Judy Kibinge’s Something Necessary opens in Kenyan cinemas on the 24th of January. The post election violence which engulfed Kenya in 2007-2008 was a nationally debilitating event. Thousands of lives were destroyed and thousands others lost in what was Kenya’s darkest time since the colonial era.

The movie isolates one such life in Anne (Susan Wanjiru) whose home is raided by a mob of homicidal youth during the height of the violence. Her husband is killed, her son is critically injured and she is raped and left for dead.

The movie chronicles her recovery from victim to self-sustenance as she attempts to rebuild amidst the threat of losing it all again.
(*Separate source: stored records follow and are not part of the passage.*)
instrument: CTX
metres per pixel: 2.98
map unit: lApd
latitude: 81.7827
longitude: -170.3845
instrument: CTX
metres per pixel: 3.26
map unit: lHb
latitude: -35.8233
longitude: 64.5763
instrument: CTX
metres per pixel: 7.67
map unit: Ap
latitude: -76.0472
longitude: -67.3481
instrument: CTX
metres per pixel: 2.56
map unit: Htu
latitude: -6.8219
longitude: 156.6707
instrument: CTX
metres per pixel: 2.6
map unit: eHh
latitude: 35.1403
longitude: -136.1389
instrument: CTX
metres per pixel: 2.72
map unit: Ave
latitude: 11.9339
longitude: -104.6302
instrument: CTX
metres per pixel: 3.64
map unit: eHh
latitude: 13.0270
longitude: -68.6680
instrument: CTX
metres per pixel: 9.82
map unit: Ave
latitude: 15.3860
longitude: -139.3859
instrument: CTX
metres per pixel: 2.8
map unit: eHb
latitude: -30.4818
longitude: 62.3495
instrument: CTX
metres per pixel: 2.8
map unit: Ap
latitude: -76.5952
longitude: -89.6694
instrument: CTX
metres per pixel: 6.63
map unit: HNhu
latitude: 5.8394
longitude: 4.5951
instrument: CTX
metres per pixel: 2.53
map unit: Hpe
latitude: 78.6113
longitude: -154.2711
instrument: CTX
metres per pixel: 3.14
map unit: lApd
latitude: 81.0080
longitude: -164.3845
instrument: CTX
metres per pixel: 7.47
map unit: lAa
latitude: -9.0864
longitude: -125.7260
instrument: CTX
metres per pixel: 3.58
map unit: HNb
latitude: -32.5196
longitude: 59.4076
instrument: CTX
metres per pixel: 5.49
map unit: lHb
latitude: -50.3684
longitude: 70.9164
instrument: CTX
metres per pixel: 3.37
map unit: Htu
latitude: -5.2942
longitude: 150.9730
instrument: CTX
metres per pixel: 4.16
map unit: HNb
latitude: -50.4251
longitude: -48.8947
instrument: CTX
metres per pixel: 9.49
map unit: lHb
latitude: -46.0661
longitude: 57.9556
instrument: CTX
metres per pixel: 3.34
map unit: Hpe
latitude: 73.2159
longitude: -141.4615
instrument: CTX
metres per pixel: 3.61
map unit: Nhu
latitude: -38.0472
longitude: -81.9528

Her brother-in-law has “plans” for her late husband’s farm, her sister is a self-righteous nag, who means well, but is hell bent to have things her own way and Anne’s friends seem more determined to get her to leave her home rather than rebuild it.

The movie is a creation of a Kenyan mind, shot by a Kenyan director and starring an all Kenyan cast telling a Kenyan story. Production assistance was accorded by One Fine Day Films (Soul Boy and Nairobi Half Life) and Ginger Ink. It is set in the farmlands of Nakuru where Anne and her late husband Steve own a farm. But it is not all about Anne.
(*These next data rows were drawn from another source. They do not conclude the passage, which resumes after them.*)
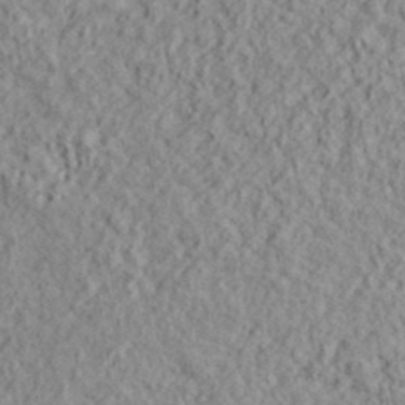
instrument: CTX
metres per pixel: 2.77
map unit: lHvf
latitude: 38.5924
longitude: -90.2145
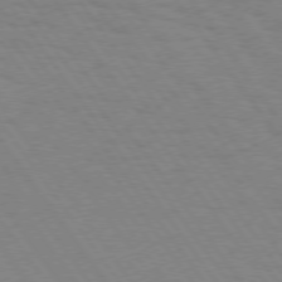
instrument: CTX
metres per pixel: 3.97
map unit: Hpe
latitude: 74.4979
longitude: -137.2915
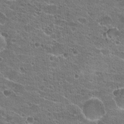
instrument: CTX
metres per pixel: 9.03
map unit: Hto
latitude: 23.1970
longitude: -43.0270
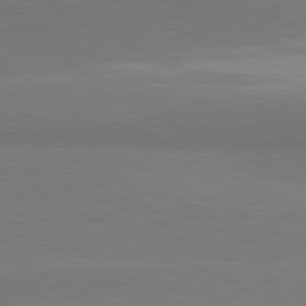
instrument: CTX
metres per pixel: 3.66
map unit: lApd
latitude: 81.7261
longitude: 158.1794
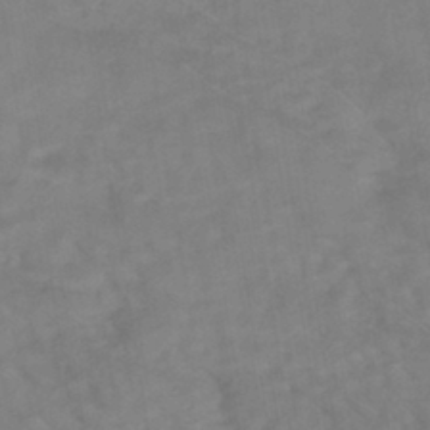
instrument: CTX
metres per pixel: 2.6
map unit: HNhu
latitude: -42.6140
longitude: 102.0283
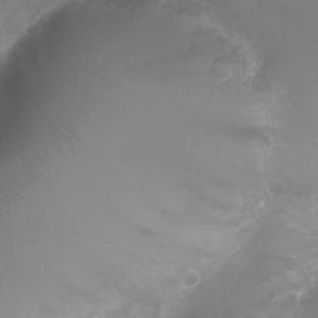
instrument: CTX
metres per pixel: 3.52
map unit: Ht
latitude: -6.0850
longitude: -20.4979
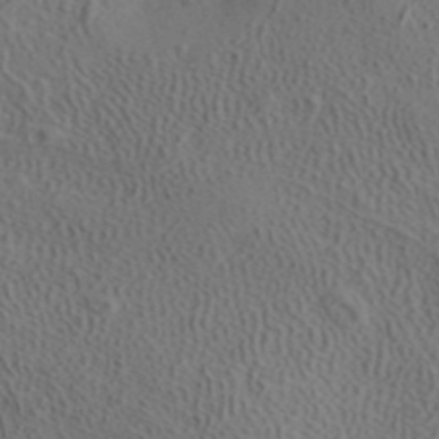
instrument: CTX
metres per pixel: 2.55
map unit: ANa
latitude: 41.7449
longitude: 33.1620
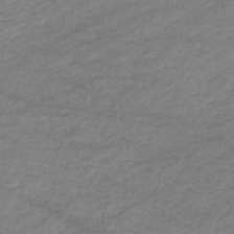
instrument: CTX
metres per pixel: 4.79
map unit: eHb
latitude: -37.5777
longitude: 75.5777
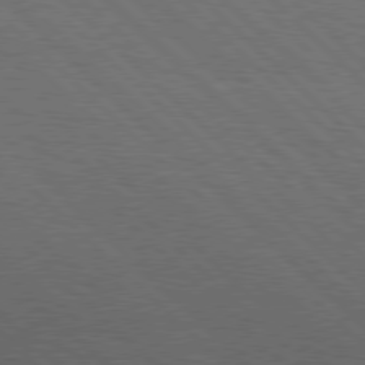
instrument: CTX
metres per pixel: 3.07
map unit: Hpe
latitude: 77.6127
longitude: -127.3104
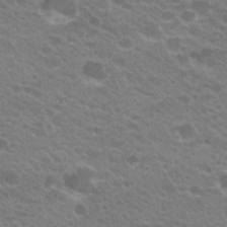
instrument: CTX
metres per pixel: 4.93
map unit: Hto
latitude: 23.7072
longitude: -35.9150
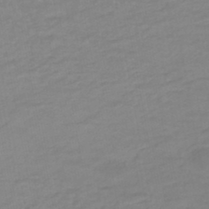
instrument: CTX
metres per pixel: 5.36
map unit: eHb
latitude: -46.9541
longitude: 89.1053
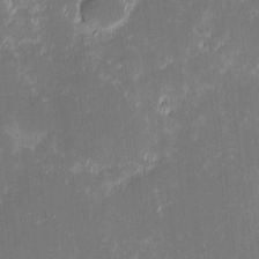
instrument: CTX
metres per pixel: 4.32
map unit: eHh
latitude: -2.3873
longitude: -85.5938
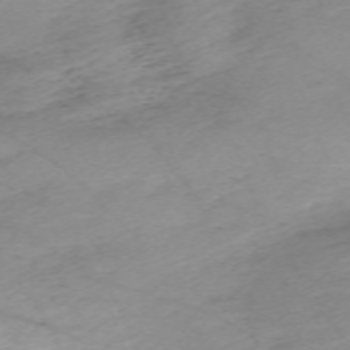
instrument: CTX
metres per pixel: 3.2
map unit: Nhu
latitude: -66.8975
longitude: 39.5021
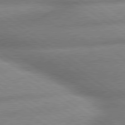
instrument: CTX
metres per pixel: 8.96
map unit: lApd
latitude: 79.8961
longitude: -168.3845
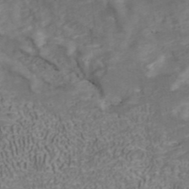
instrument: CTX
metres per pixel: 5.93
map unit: ANa
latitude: 40.6301
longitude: 21.1620

The movie weaves in multiple angles of the chronicle including Joseph (Walter Kipchumba Lagat) and his guilty struggle to escape the thoughts which haunt him. Joseph was present and a member of the gang when Anne’s home was attacked. He was there. He participated.

But now he cannot erase what he helped to do to another human being and it is destroying him. He dreams of leaving the area to go to Nairobi but the gang has other plans for him.

The acting quality and set design was phenomenal. The simplicity is honest and heartfelt. Much like Nairobi Half Life and Soul Boy, there is no over the top drama in this movie. Rather a continuous subtly which makes the characters very appealing and easy to empathize with.

There are several moments in which emotion cannot be contained including a very cringe-worthy abortion scene which is guaranteed to haunt audiences for days.

In terms of quality, I believe it is safe to say that Kenyan filmmaking is never going back to the dark days of elongated episodes of Mother in Law. But as for a plotline, there is something lacking in Something Necessary. Ignoring the fact that is a continued obsession with depressing Kenyan stories, the movie has no real resolutions to any of the film conflicts. One is left with a certain feeling like, “Is that it!?”